Saturday, 23 de November de 2024 ISSN 1519-7670 - Ano 24 - nº 1315

Empresas jornalísticas devem recomeçar do zero

[A pesquisa “A Business Model for Digital Journalism”, financiada pela FAPESP, será publicada na íntegra na edição de abril da Revista de Jornalismo da ESPM, depois estará disponível em seu site e também neste Observatório.]

De incendiário a bombeiro. Caio Túlio Costa, como outros talentos intelectuais brasileiros, entre os quais Mario Sergio Conti e Demétrio Magnoli, ao tempo de estudante militou na corrente trotskista Libelú – forma a que havia sido reduzida a combativa “Liberdade e Luta”. O circo fumegou, mas não pegou fogo. E Caio Túlio foi cuidar da vida. Passou pelo cultural Leia Livros e fez carreira na Folha de S.Paulo. Deu aula de Ética, participou de projetos inovadores na internet e chegou a dirigir o Comitê de Estratégias Digitais da ANJ, de onde partiu para uma temporada na famosa Columbia Journalism School, na qual desenvolveu o que chama de “um modelo viável para as empresas jornalísticas no meio digital”. É sobre essa experiência que ele fala na entrevista a seguir.

Você tem uma rica trajetória profissional como jornalista e teve uma participação importante em projetos inovadores como o UOL e os portais e serviços do iG, iBest e BrTurbo. Como você resume as transformações da indústria jornalística nesse período?

Caio Túlio Costa – As transformações são notáveis, disruptivas, revolucionárias. O meio digital veio virar de ponta-cabeça o negócio do jornalismo, trouxe uma nova cadeia de valor. Nela, o jornalismo se tornou algo pós-industrial, com outras medidas e outros feitios. O compartilhamento, seja de conteúdo seja de receitas, passou a dar as cartas. A velha indústria ainda não entendeu isso completamente.

Você acaba de voltar dos Estados Unidos, onde realizou uma pesquisa junto à Escola de Jornalismo da Universidade Columbia. Poderia resumir seu estudo, que será publicado em breve?

C.T.C.– É um trabalho que tenta apresentar uma estratégia possível para as empresas jornalísticas formatarem um modelo de negócio rentável na era digital. A partir da constatação de uma disrupção nesta indústria, sugere uma modelagem capaz de garantir produção jornalística de qualidade, independência e vigilância crítica dos poderes. Para tanto, descreve a cadeia de valor do negócio tradicional da imprensa e reelabora-a conforme a realidade da comunicação no negócio digital.

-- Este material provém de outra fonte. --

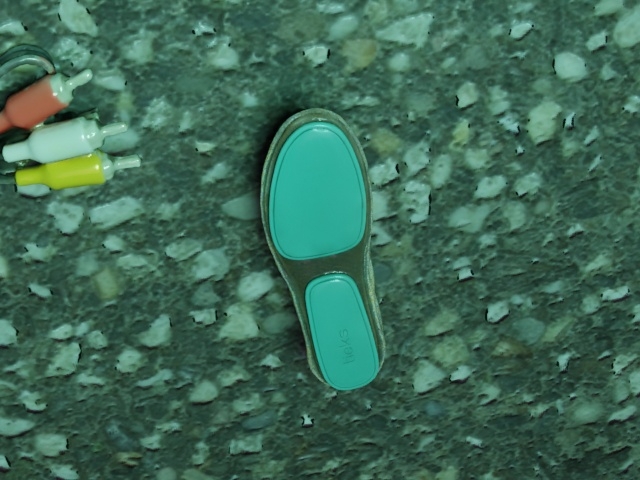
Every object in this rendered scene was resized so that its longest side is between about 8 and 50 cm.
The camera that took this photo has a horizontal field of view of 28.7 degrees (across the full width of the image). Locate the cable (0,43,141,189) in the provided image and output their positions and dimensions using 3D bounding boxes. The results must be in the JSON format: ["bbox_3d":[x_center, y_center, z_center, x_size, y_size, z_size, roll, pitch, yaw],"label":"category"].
[{"bbox_3d":[-0.313,-0.073,1.118,0.287,0.072,0.139,-24,118,2],"label":"cable"}]

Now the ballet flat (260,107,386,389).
[{"bbox_3d":[0.000,0.000,1.219,0.108,0.106,0.316,-7,121,-2],"label":"ballet flat"}]

Além disso, diagnostica o problema geracional que atrapalha o desenvolvimento de produtos na plataforma digital (nativos analógicos versus nativos digitais). Situa as empresas no ambiente disruptivo do jornalismo pós-industrial e alinha os problemas que as empresas jornalísticas enfrentam com gigantes como Facebook e Google. Detalha também os desafios na questão dos investimentos em tecnologia. Desenha como as empresas devem abraçar as redes sociais e explica como estão acontecendo as mudanças na produção de conteúdos para adequá-los à nova realidade digital. Com exemplos e dados de mercado, o estudo sugere a formulação estratégica do modelo de negócio, detalha como é possível funcionar a publicidade neste novo cenário, explica de que forma os paywalls (cobrança de assinatura dos conteúdos) fazem parte da solução e injeta um terceiro elemento fundamental na estratégia: a produção de serviços de valor adicionado, num movimento que transforma a tradicional empresa de informação em uma empresa de serviços.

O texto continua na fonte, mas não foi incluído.